With ~5s matching time for a pair of snapshots and up to ~120 snapshots to match, the total runtime for tracing the entire LR simulation would be around 10 min. This seems acceptable.

Of course, the question is: is this fast enough to trace a MR simulation? The most computing time is spent in the `np.interset1d` function calls, i.e. computing the intersections between the most bound particles between two subhalos. This function is called 468241 times, which means that 468241 pairs of subhalos are tried as matches. 
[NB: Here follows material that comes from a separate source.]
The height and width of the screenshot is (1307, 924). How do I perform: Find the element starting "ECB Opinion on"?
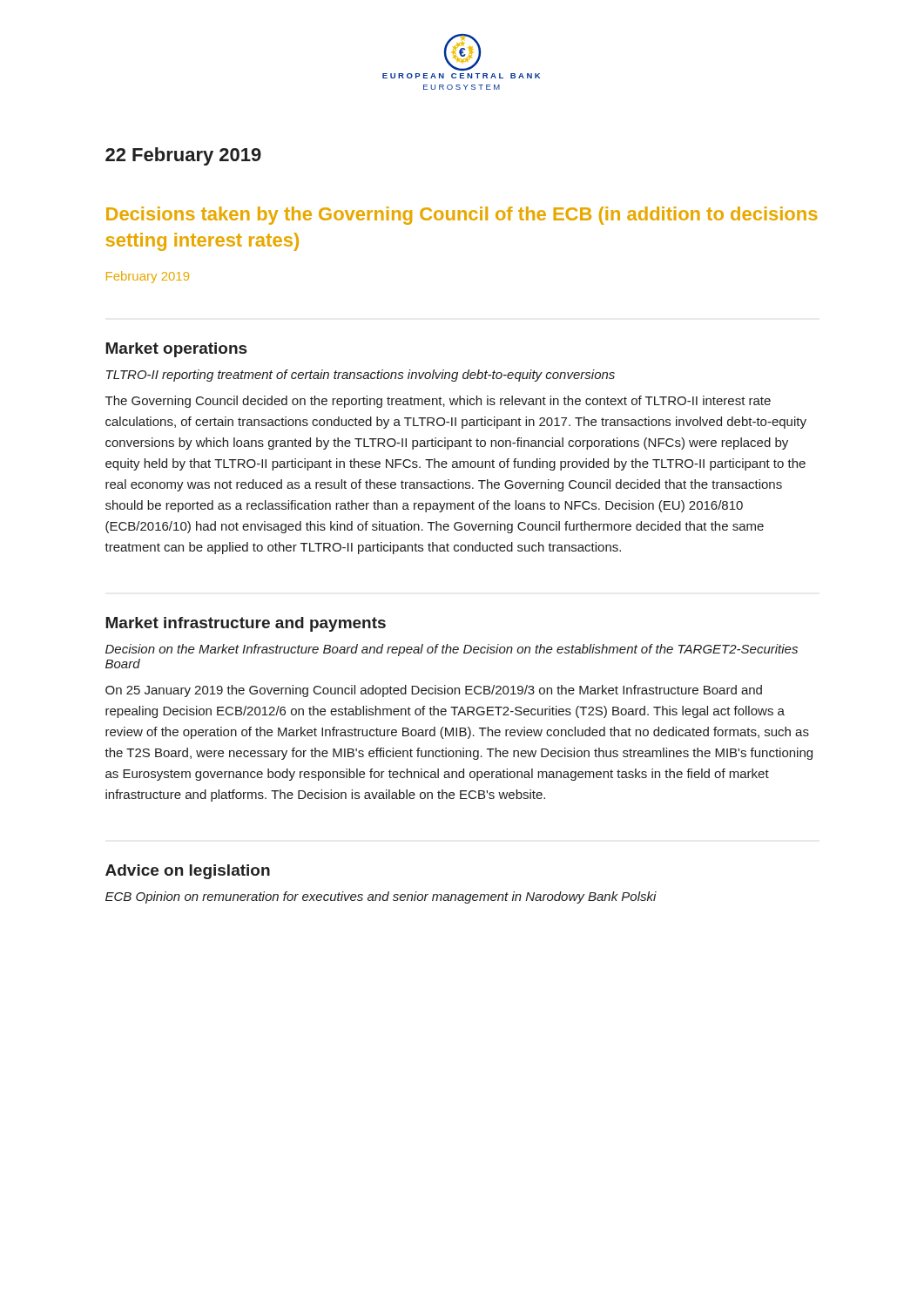click(x=381, y=896)

This is probably the most time efficient function for finding the intersections, i.e. finding out whether two subhalos match. Thus, the only way to speed up the `match_snapshots` function would be to decrease the number of matching trials. But this is also quite difficult to do: probably the most promising way would be to use spatial and kinematic information. 

Note that the number of matching trials, if every subhalo in snap_ref was tried with every subhalo in snap_srch, would be 1116 * 1125 = 1255500. So, by restring trials to subhalos within mass range of factor 3 and halting at the first match, we reduce the number of trials only by about 37 % (468241 / (1116 * 1125 = 0.373). Most subhalos are in the low-mass range. Also, the subhalos with the smallest mass are also rarely matched.


Let
> $n$ be the average number of subhalos in a snapshot, and \
> $k$ the average number of bound particles in a subhalo.

The time complexity of `match_snapshots` is $\mathcal{O}(n^2)$. 

### Inspect the matches

First, simply print the matches:

In [None]:
gns_ref = snap_ref.get_subhalos('GroupNumber')
sgns_ref = snap_ref.get_subhalos('SubGroupNumber')
gns_srch = snap_srch.get_subhalos('GroupNumber')
sgns_srch = snap_srch.get_subhalos('SubGroupNumber')

for i, j in enumerate(matches_ref):
    if j != matcher.no_match:
        print("({}, {}) --> ({}, {})".format(gns_ref[i], sgns_ref[i],
                                             gns_srch[j], sgns_srch[j]))
    else:
        print("({}, {}) NO MATCH".format(gns_ref[i], sgns_ref[i]))

Most massive central halos are always matched. Most of the subhalos of M31 and MW are matched. 

Note, that subhalos of a central remain subhalos of the same central, even when the group number changes:
> (10.0, 0.0) --> (11.0, 0.0) \
> (10.0, 1.0) --> (11.0, 1.0) \
> (10.0, 2.0) --> (11.0, 2.0) \
> (11.0, 0.0) --> (9.0, 0.0) \
> (11.0, 1.0) --> (9.0, 1.0)

WRITE A DOCUMENT ON THIS TESTING PROCESS!

What do you see in the above output? What is note-worthy? What confirms you that the program is working as intended? ...that there are no bugs? What is suspicious? Which relevant questions cannot be answered based on the above? What next?

Document the step-by-step process, by which you become convinced that everything works. Then, reflect: is the process thorough and reliable? Is the program well-structured; too complicated and difficult to test, or easy to understand?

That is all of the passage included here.